Yeah, this is a general problem with any language trying to provide a "closest approximation" to the JSON standard, where objects aren't explicitly typed. We support reading/writing UInt128, because you might have a struct like:

struct Foo
    x::UInt128
end

and then we know, when reading a Foo, that the field should be parsed directly as a UInt128. But when we're just doing a plain JSON3.read(x), we try to parse things as "standard JSON types", which means Nothing = null, true/false as Bool, strings as String, and numbers we try to detect whether they are Int64 or Float64. It complicates a lot of logic in the "untyped reading" case if we try to be even more clever than just trying Int64 or Float64 (most language implementations only support Float64).

Anyway, probably not a very satisfying answer, but if you do need to serialize/deserialize UInt128, it's best to probably use an explicit wrapper type, like:

struct UINT128
    x::UInt128
end

then it will be serialized like { "x": 12344556566 }, and can be deserialized by doing JSON3.read(json, UINT128).

quinnj commented 3 years ago

If you have a larger context where this is causing problems and can share, I'm happy to help brainstorm on different solutions that would help here.

JockLawrie commented 3 years ago

Thanks for responding so quickly, again.

The context is here, where I have a need to identify, train and validate thousands of statistical models. In de/serializing the Model type (defined in src/models.jl), which contains a UUID, I realized I could get more general de/serializing code, though not completely general because my code is a little messy (suggestions welcome!).

In particular, these jsonify/unjsonify functions seem to do the trick for a wide range of structs, including the Model struct defined in this repo. Note that these functions know nothing about the Model type. On the other hand some of my code is not type stable (see below), and uses runtime dispatch.

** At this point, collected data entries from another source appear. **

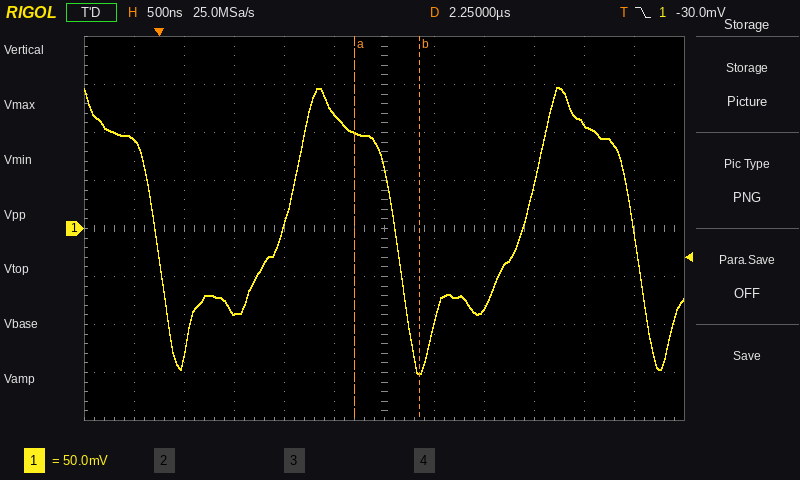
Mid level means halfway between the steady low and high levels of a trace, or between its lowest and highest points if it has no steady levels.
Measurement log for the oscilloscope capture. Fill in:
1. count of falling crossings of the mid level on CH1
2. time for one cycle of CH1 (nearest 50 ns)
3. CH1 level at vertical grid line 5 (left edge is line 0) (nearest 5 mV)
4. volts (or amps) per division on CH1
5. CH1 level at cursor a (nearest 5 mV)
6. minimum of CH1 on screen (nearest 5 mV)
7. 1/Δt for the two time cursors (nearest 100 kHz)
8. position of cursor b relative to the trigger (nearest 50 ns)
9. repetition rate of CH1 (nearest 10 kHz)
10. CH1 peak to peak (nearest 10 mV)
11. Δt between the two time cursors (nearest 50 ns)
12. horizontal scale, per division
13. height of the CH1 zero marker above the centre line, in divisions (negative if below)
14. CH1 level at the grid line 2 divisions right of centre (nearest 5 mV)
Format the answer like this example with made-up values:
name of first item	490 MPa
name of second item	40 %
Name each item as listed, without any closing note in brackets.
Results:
count of falling crossings of the mid level on CH1	3
time for one cycle of CH1	2.40 µs
CH1 level at vertical grid line 5 (left edge is line 0)	120 mV
volts (or amps) per division on CH1	50 mV
CH1 level at cursor a	100 mV
minimum of CH1 on screen	-150 mV
1/Δt for the two time cursors	1.5 MHz
position of cursor b relative to the trigger	+2.60 µs
repetition rate of CH1	420 kHz
CH1 peak to peak	300 mV
Δt between the two time cursors	650 ns
horizontal scale, per division	500 ns
height of the CH1 zero marker above the centre line, in divisions	0.0 div
CH1 level at the grid line 2 divisions right of centre	-85 mV
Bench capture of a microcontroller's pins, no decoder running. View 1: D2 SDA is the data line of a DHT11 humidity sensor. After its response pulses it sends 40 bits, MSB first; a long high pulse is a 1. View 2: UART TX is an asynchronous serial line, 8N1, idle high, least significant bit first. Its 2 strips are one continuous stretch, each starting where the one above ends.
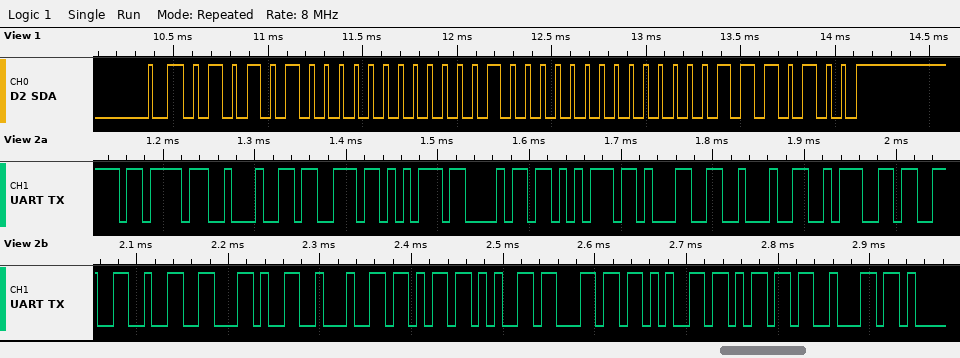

For the write leg it's just jsonify(x::MyType). The read leg only requires this constructor: MyType(json_string::String) = unjsonify(json_string, MyType). This looks a bit like the StructTypes interface, as does the code at src/serialize.jl, but StructTypes.jl confuses me when dealing with nested data structures.

Coming back to the UInt128 example, for now I've gone with this:

format_for_json(x::Real) = sizeof(x) > 8 ? string(x) : x  # Serialize. Not type stable but it works.
format_for_T(v::String,  T::Type{<:Real}) = parse(T, v)   # Deserialize

It's fine and I'm happy with it, but any suggestions to make this more elegant/general or to better leverage existing packages would be great.

And thanks for another great data package.

quinnj commented 3 years ago

So JSON3.jl can handle serializing/deserializing UUID automatically, so I dont' think you need to convert it to anything else? Just allow JSON3.write to write it, then call JSON3.read(json, UUID) to read it back in.